Discussion in 'Journalism topics only' started by Evil Bastard (aka Chris_L), Jan 28, 2011.

  1. clintrichardson

    clintrichardson Active Member

    I think Kindred is off by a degree or two when he writes "Not one of the players quoted knew anything more than the guy scratching his crotch at the next bar stool." Because the players do have the insight of having played in the NFL with injuries, and having had teammates who played with injuries.

    Obviously the missing piece of information is knowing exactly how badly Cutler was hurt, how much pain he was feeling, etc. But they are at least one meaningful notch up from the guy scratching his crotch at the next bar stool.

    And theoretically their experience would have made them MORE open to sympathizing with Cutler, not less.
     
  2. LongTimeListener

    LongTimeListener Well-Known Member

    In addition to whether the tweets were newsworthy (they were), Kindred could have gotten into just how and why they got so much play. There's one reason and one reason only: PFT. Every other reporter just mimicked what was up there; a few of them bothered to get one or two tweets from elsewhere, but for the most part nobody did any further legwork. I would seriously doubt, in fact, whether many of the writers who saw it on PFT even clicked on the actual Twitter feed. It was a storyline delivered right there in the press-box buffet line, and those stories always win out.

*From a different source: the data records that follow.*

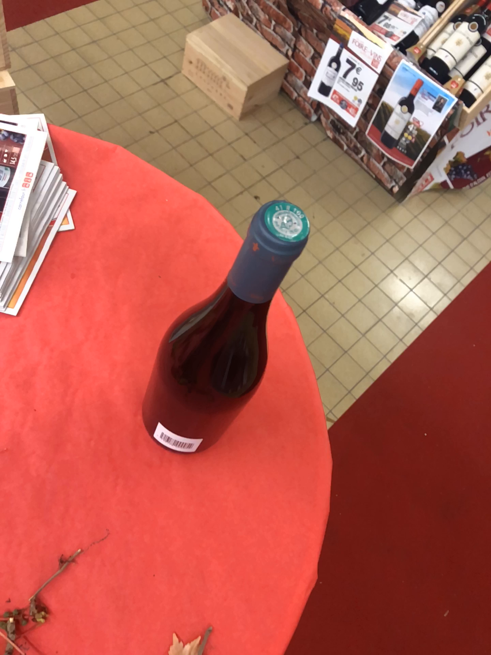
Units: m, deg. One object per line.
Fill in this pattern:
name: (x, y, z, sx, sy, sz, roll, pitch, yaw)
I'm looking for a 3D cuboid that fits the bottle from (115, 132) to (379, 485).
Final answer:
bottle: (-0.024, 0.021, 0.374, 0.090, 0.289, 0.090, 6, 63, -12)
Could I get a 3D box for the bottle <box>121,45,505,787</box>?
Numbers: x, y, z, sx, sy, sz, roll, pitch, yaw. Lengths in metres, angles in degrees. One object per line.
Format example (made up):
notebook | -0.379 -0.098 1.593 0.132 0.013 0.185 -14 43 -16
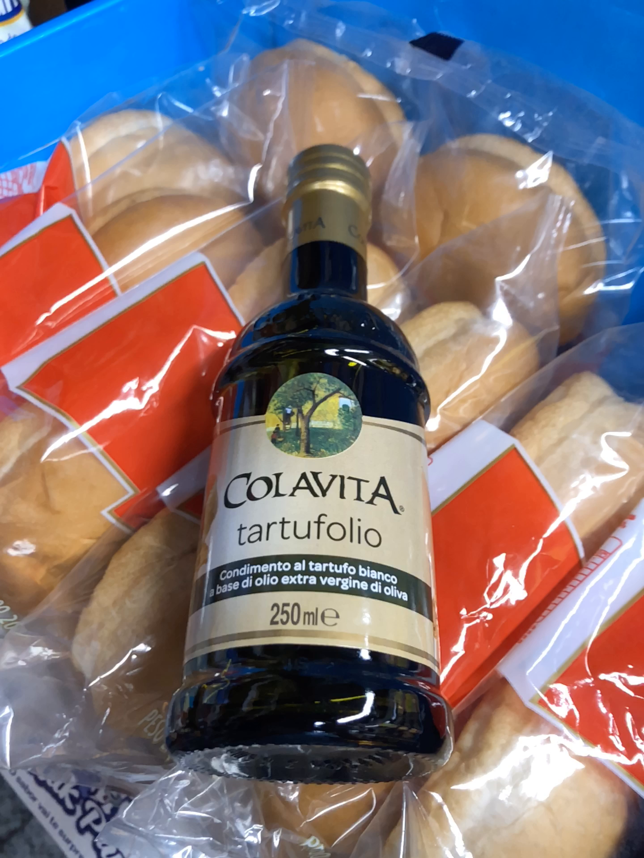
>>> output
bottle | 0.000 -0.016 0.209 0.070 0.060 0.211 -1 61 3
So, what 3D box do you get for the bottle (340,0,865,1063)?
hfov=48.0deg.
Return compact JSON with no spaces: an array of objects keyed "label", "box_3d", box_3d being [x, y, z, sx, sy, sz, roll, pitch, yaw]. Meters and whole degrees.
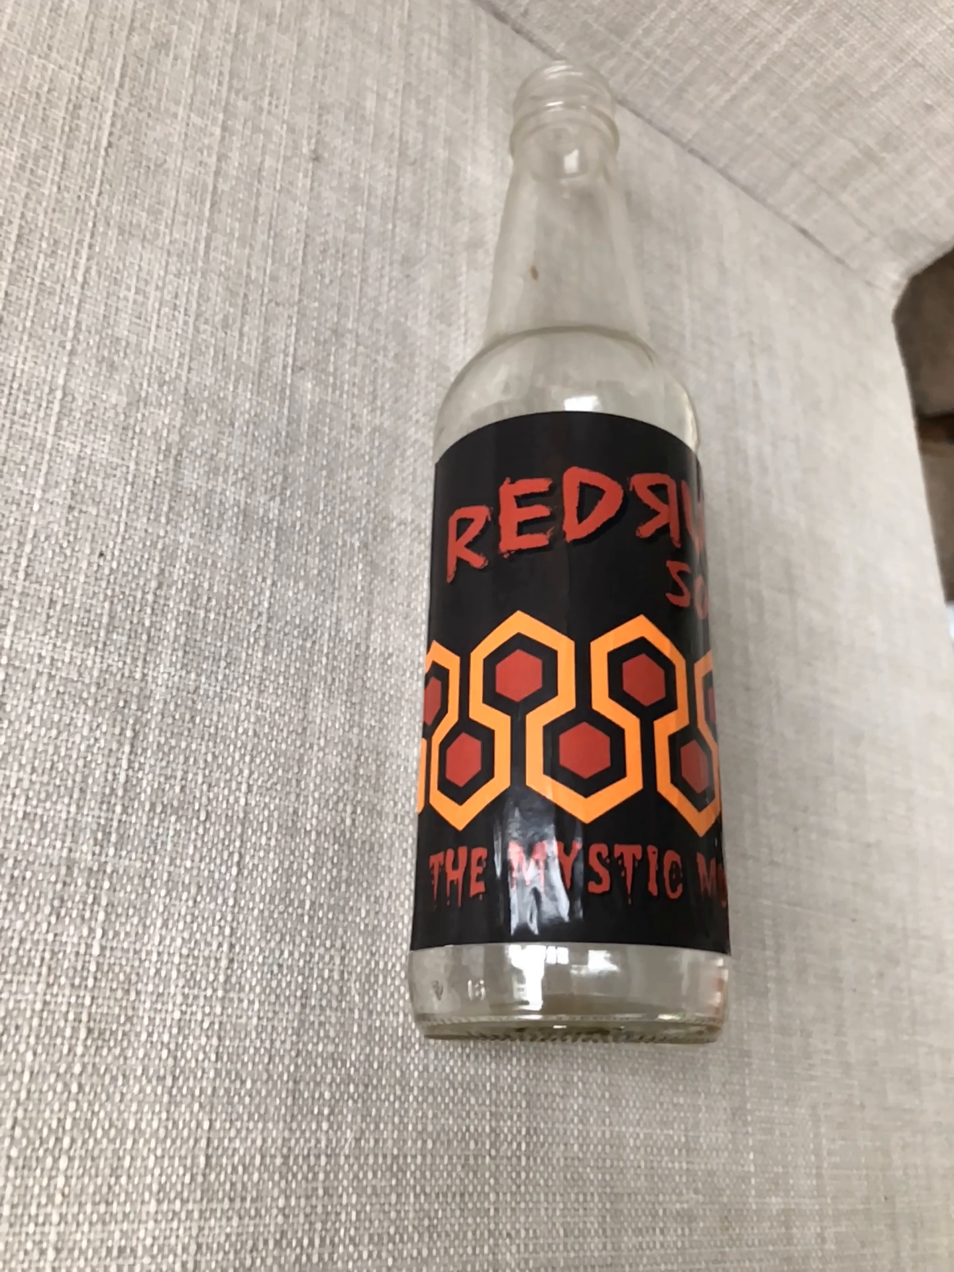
[{"label":"bottle","box_3d":[0.024,-0.034,0.230,0.063,0.069,0.231,15,66,-31]}]

    Pack journalism. So in that light it has happened plenty of times previously, only "there are whispers" has become "there are tweets."
     
  3. RickStain

    RickStain Well-Known Member

    I'd say it's pretty similar to my stance on the ridiculous "A-Rod can't hit in the postseason" stuff.
     
  4. YGBFKM

    YGBFKM Guest

    Not if they're just regurgitating the conventional "wisdom" perpetuated by the media. And that makes this story even more frustrating. The media shape an opinion on an individual, fans and players run with that opinion, then the media turn right around and say, "Well, I'm just reporting what these athletes said." No, you're irresponsibly "reporting" the kne--jerk ramblings of individuals who are just following your lead to begin with. Bullshit begats bullshit.
     
  5. Double J

    Double J Active Member

    Well, what is "reporting," after all? Is it not telling a story about what is happening, ie. a player getting ripped on social media, a public forum, by his peers?

    I don't know enough about the issue to be able to say whether or not the players in question were indeed "following the media's lead," but my instinct is to not believe that. There may well have been a pack mentality at play, but I doubt the media - and, golly, I just love it when we're all grouped together in one all-encompassing generalization! - has that much influence on how a number of tweeting NFL players feel or already felt about Jay Cutler, or on how they choose they express those feelings.
     
  6. LongTimeListener

    LongTimeListener Well-Known Member

    I think you're going to start to see no-Twitter clauses in player contracts. The injured Packers who are pissed about not being in the team pic is another example of guys speaking before they think, which is great for us but not so good for the teams. Knowing how these tin-hat dictators run everything else, they'll clamp down.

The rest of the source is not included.